◆ What to do: Could you print exactly the lines of the listing below, starting at the line that has "Capture from an" and ending at the line that has "Answer with one", and only those lines?

[[ Input records open ]]

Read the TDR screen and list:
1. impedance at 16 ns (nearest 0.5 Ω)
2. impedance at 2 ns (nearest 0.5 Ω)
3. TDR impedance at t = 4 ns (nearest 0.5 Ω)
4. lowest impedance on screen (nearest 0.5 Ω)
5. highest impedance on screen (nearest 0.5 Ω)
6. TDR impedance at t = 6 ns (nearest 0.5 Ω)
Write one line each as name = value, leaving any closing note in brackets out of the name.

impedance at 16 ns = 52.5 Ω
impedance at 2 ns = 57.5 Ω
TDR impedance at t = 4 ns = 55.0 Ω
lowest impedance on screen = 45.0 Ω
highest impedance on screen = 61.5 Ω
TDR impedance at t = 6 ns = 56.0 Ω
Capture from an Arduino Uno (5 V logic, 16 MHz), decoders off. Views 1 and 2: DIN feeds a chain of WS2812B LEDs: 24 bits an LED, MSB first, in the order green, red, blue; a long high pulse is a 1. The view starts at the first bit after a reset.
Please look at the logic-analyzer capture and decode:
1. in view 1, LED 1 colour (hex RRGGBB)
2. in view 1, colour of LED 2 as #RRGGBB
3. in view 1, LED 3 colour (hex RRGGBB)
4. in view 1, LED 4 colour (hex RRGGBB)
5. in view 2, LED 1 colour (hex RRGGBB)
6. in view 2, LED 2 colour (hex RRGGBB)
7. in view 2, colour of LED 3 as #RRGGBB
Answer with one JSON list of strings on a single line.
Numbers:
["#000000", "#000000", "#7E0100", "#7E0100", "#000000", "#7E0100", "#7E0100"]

[[ Input records closed ]]
[[ Input records open ]]

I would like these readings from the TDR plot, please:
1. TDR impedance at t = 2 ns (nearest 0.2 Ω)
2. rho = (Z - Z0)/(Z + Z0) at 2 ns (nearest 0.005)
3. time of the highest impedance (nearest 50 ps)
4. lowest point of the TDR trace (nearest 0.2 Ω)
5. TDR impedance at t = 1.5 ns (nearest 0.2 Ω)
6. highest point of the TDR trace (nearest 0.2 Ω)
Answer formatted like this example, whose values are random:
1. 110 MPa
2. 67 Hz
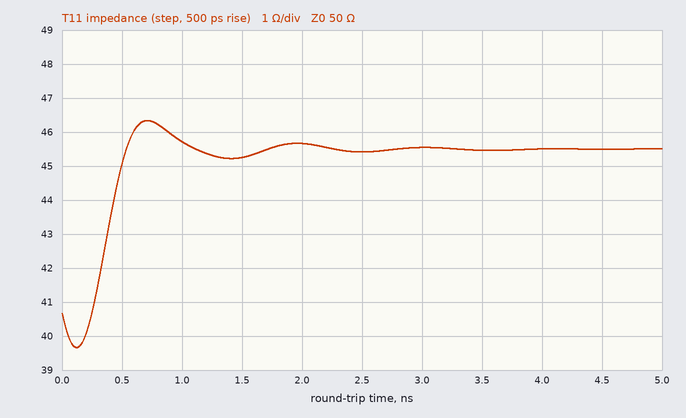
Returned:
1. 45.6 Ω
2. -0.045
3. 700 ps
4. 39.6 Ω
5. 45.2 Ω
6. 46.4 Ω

[[ Input records closed ]]
[[ Input records open ]]

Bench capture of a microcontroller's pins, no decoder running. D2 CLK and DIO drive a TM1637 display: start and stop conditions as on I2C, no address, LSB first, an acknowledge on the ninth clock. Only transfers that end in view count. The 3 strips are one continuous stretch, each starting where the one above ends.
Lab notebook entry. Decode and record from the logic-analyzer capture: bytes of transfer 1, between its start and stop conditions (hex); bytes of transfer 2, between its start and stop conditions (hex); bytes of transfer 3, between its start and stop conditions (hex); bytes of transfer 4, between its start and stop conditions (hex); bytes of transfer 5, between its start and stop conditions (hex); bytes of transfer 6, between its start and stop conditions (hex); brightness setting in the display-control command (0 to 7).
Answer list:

[[ Input records closed ]]

◆ Response below:
Capture from an Arduino Uno (5 V logic, 16 MHz), decoders off. Views 1 and 2: DIN feeds a chain of WS2812B LEDs: 24 bits an LED, MSB first, in the order green, red, blue; a long high pulse is a 1. The view starts at the first bit after a reset.
Please look at the logic-analyzer capture and decode:
1. in view 1, LED 1 colour (hex RRGGBB)
2. in view 1, colour of LED 2 as #RRGGBB
3. in view 1, LED 3 colour (hex RRGGBB)
4. in view 1, LED 4 colour (hex RRGGBB)
5. in view 2, LED 1 colour (hex RRGGBB)
6. in view 2, LED 2 colour (hex RRGGBB)
7. in view 2, colour of LED 3 as #RRGGBB
Answer with one JSON list of strings on a single line.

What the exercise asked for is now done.